Nande Yer

Personal information
- Born: c. 1970 Ialibu, Papua New Guinea, Australia
- Died: 1 December 2012 (aged 42) Port Moresby, Papua New Guinea

Playing information
- Position: Prop, Second-row
Club
| Years | Team | Pld | T | G | FG | P |
|  | Mendi Muruks |  |  |  |  |  |
Representative
| Years | Team | Pld | T | G | FG | P |
| 1991 | Northern Zone |  |  |  |  |  |
| 1992–96 | Papua New Guinea | 11 | 0 | 0 | 0 | 0 |
- Source:

= Nande Yer =

PNG international rugby league footballer

Nande Yer was a Papua New Guinean rugby league footballer who represented Papua New Guinea at the 1995 World Cup.

== Early life ==
Nande Yer was born about 1970 in Ialibu, a small village in the Southern Highlands Province of what was then the Territory of Papua and New Guinea, under the control of Australia.

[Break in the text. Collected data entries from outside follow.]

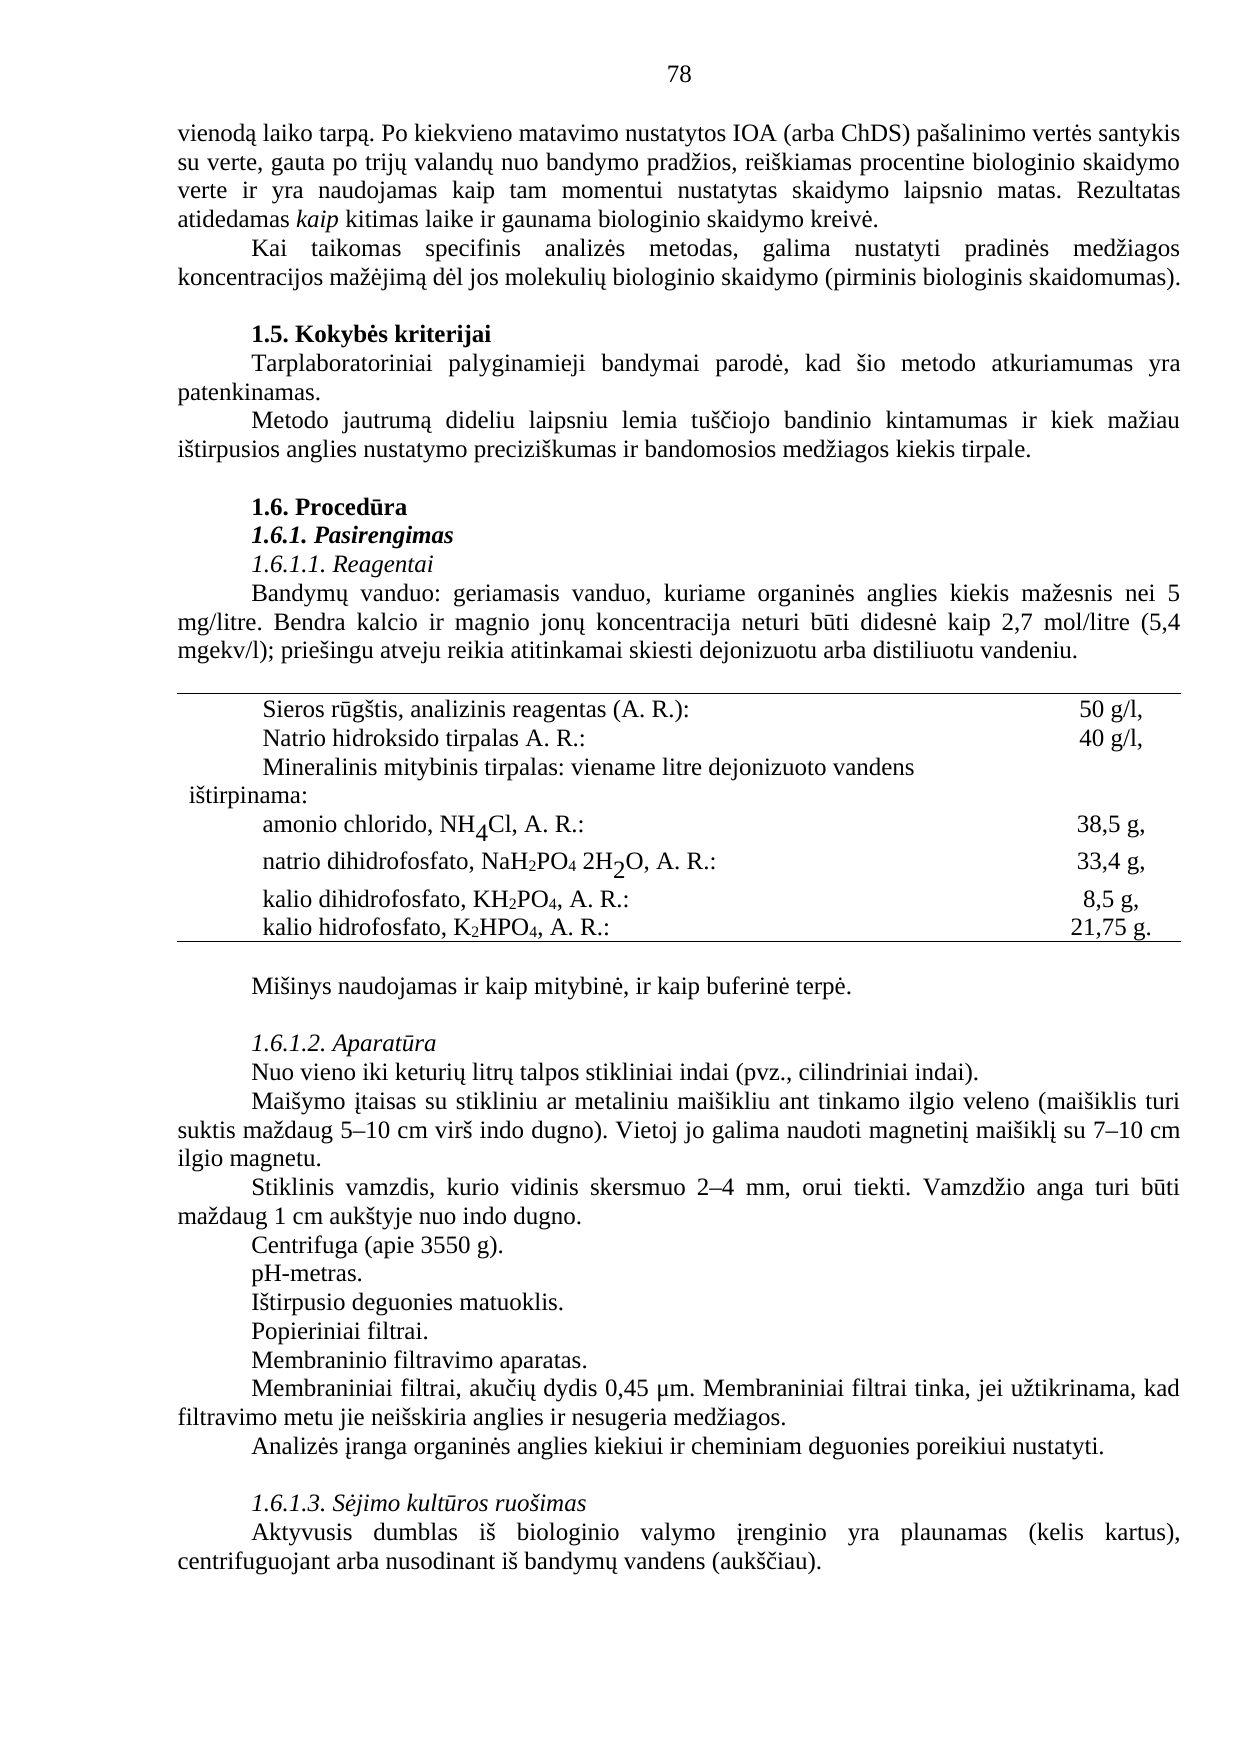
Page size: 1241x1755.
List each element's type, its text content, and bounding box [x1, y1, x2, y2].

table_cell Natrio hidroksido tirpalas A. R.: [177, 723, 1041, 752]
text Nuo vieno iki keturių litrų talpos stikliniai indai (pvz., cilindriniai indai). [177, 1057, 1181, 1086]
text Bandymų vanduo: geriamasis vanduo, kuriame organinės anglies kiekis mažesnis nei 5 mg/litre. Bendra kalcio ir magnio jonų koncentracija neturi būti didesnė kaip 2,7 mol/litre (5,4 mgekv/l); priešingu atveju reikia atitinkamai skiesti dejonizuotu arba distiliuotu vandeniu. [177, 578, 1181, 664]
text Metodo jautrumą dideliu laipsniu lemia tuščiojo bandinio kintamumas ir kiek mažiau ištirpusios anglies nustatymo preciziškumas ir bandomosios medžiagos kiekis tirpale. [177, 406, 1181, 463]
text 1.6. Procedūra [177, 492, 1181, 521]
text Membraninio filtravimo aparatas. [177, 1345, 1181, 1373]
table_cell [1041, 752, 1181, 809]
text Aktyvusis dumblas iš biologinio valymo įrenginio yra plaunamas (kelis kartus), centrifuguojant arba nusodinant iš bandymų vandens (aukščiau). [177, 1517, 1181, 1575]
text 1.6.1.3. Sėjimo kultūros ruošimas [177, 1488, 1181, 1517]
table_cell 40 g/l, [1041, 723, 1181, 752]
text pH-metras. [177, 1258, 1181, 1287]
text Ištirpusio deguonies matuoklis. [177, 1287, 1181, 1316]
text 1.5. Kokybės kriterijai [177, 319, 1181, 348]
text Kai taikomas specifinis analizės metodas, galima nustatyti pradinės medžiagos koncentracijos mažėjimą dėl jos molekulių biologinio skaidymo (pirminis biologinis skaidomumas). [177, 233, 1181, 291]
text Mišinys naudojamas ir kaip mitybinė, ir kaip buferinė terpė. [177, 971, 1181, 1000]
text Popieriniai filtrai. [177, 1316, 1181, 1345]
text vienodą laiko tarpą. Po kiekvieno matavimo nustatytos IOA (arba ChDS) pašalinimo vertės santykis su verte, gauta po trijų valandų nuo bandymo pradžios, reiškiamas procentine biologinio skaidymo verte ir yra naudojamas kaip tam momentui nustatytas skaidymo laipsnio matas. Rezultatas atidedamas kaip kitimas laike ir gaunama biologinio skaidymo kreivė. [177, 118, 1181, 233]
table_cell amonio chlorido, NH4Cl, A. R.: [177, 809, 1041, 846]
text Centrifuga (apie 3550 g). [177, 1230, 1181, 1258]
table_cell 8,5 g, [1041, 884, 1181, 912]
text Membraniniai filtrai, akučių dydis 0,45 μm. Membraniniai filtrai tinka, jei užtikrinama, kad filtravimo metu jie neišskiria anglies ir nesugeria medžiagos. [177, 1373, 1181, 1431]
text 1.6.1.2. Aparatūra [177, 1028, 1181, 1057]
table_header Sieros rūgštis, analizinis reagentas (A. R.): [177, 694, 1041, 723]
text Stiklinis vamzdis, kurio vidinis skersmuo 2–4 mm, orui tiekti. Vamzdžio anga turi būti maždaug 1 cm aukštyje nuo indo dugno. [177, 1172, 1181, 1230]
text Maišymo įtaisas su stikliniu ar metaliniu maišikliu ant tinkamo ilgio veleno (maišiklis turi suktis maždaug 5–10 cm virš indo dugno). Vietoj jo galima naudoti magnetinį maišiklį su 7–10 cm ilgio magnetu. [177, 1086, 1181, 1172]
table_cell natrio dihidrofosfato, NaH2PO4 2H2O, A. R.: [177, 846, 1041, 884]
text 1.6.1. Pasirengimas [177, 521, 1181, 549]
text 1.6.1.1. Reagentai [177, 549, 1181, 578]
table_cell kalio dihidrofosfato, KH2PO4, A. R.: [177, 884, 1041, 912]
text Analizės įranga organinės anglies kiekiui ir cheminiam deguonies poreikiui nustatyti. [177, 1431, 1181, 1460]
table_cell 38,5 g, [1041, 809, 1181, 846]
text Tarplaboratoriniai palyginamieji bandymai parodė, kad šio metodo atkuriamumas yra patenkinamas. [177, 348, 1181, 406]
table_header 50 g/l, [1041, 694, 1181, 723]
table_cell 21,75 g. [1041, 913, 1181, 941]
table_cell kalio hidrofosfato, K2HPO4, A. R.: [177, 913, 1041, 941]
table_cell 33,4 g, [1041, 846, 1181, 884]
table_cell Mineralinis mitybinis tirpalas: viename litre dejonizuoto vandens ištirpinama: [177, 752, 1041, 809]
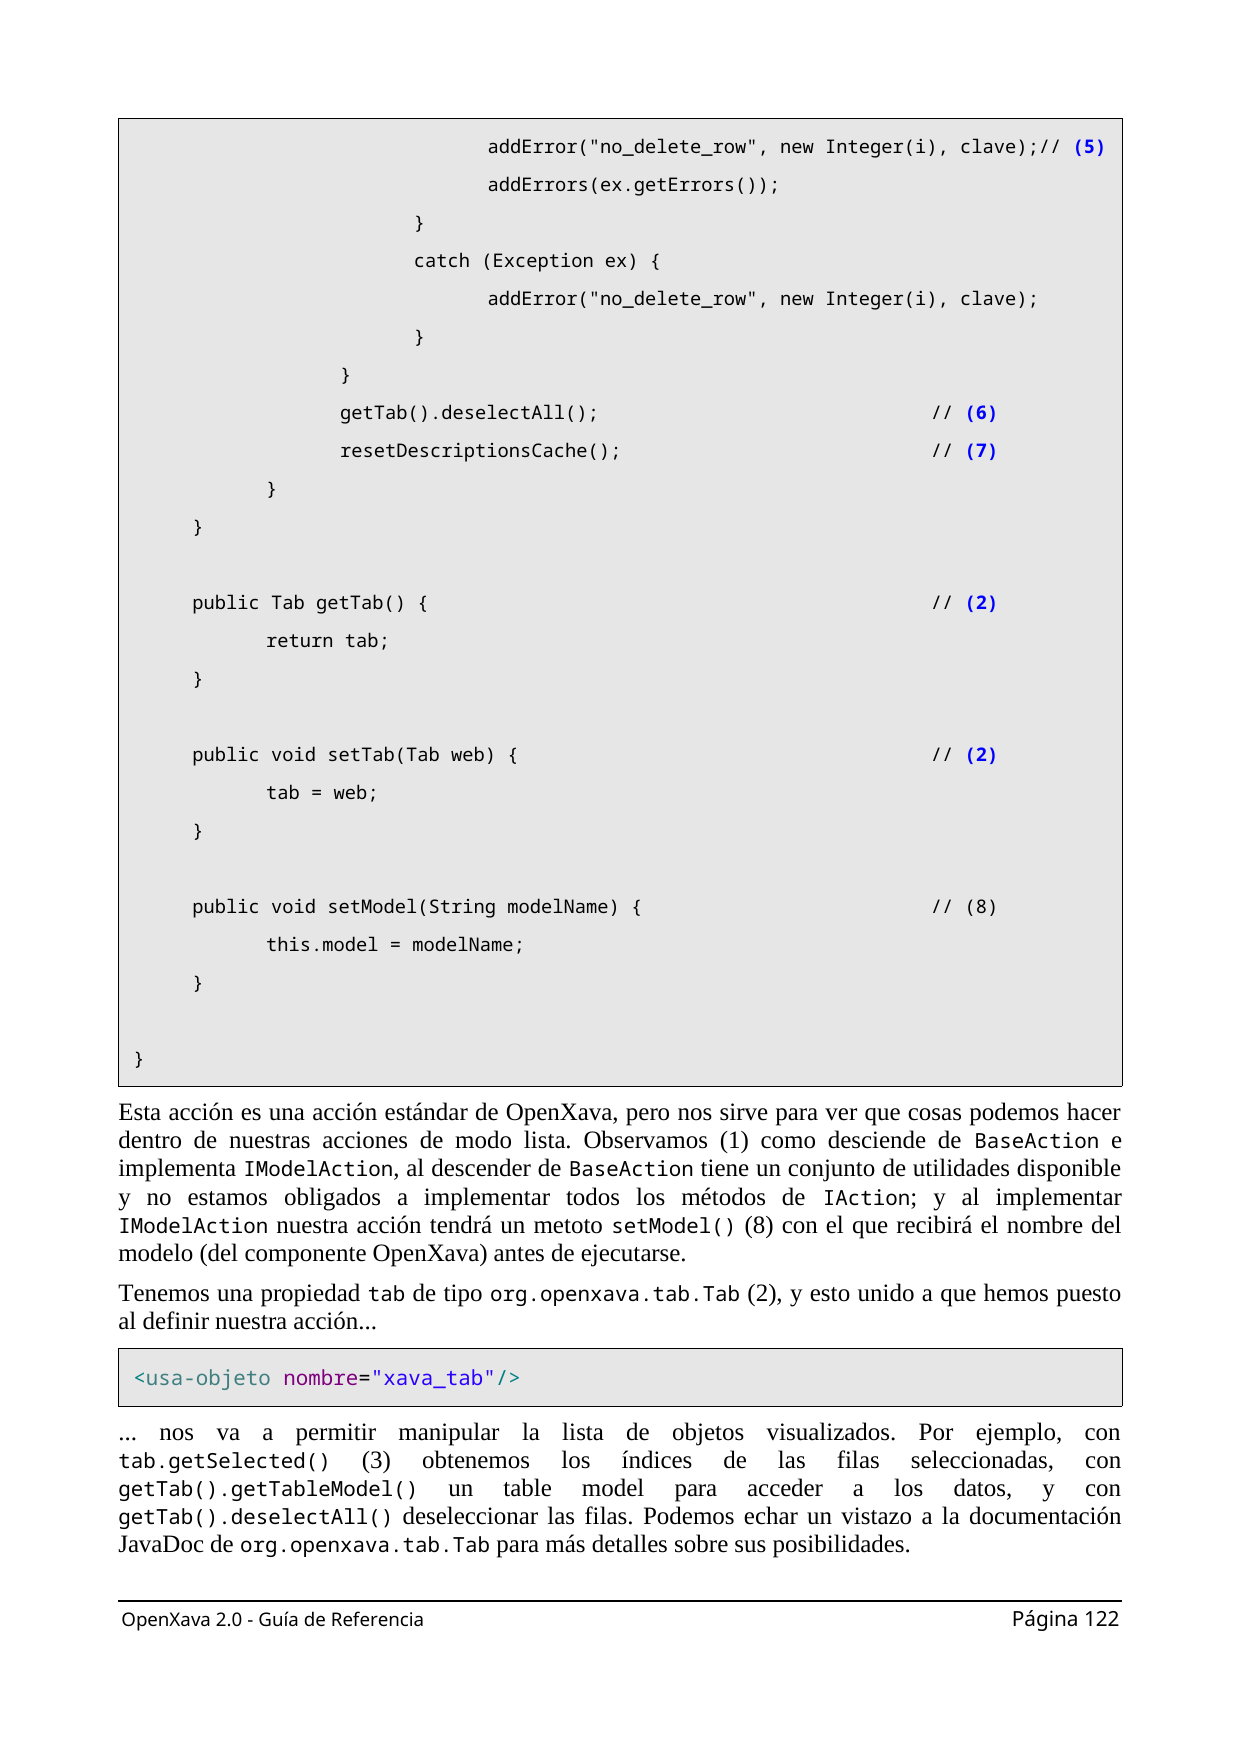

His cousin, Raymond Kahl, is also a Papua New Guinean footballer.

==Playing career==
Yer played for the Mendi Muruks and represented the Northern Zone in 1991 against the touring Great Britain Lions. He played eleven tests for Papua New Guinea between 1992 and 1996.

In 2001 he served as a selector for the Mendi Muruks.

== Death ==
Yer died on 1 December 2012, at the Port Moresby General Hospital after a heart attack. He is survived by his wife, Bida, and three children, Brownwin, Norberta, and Makena.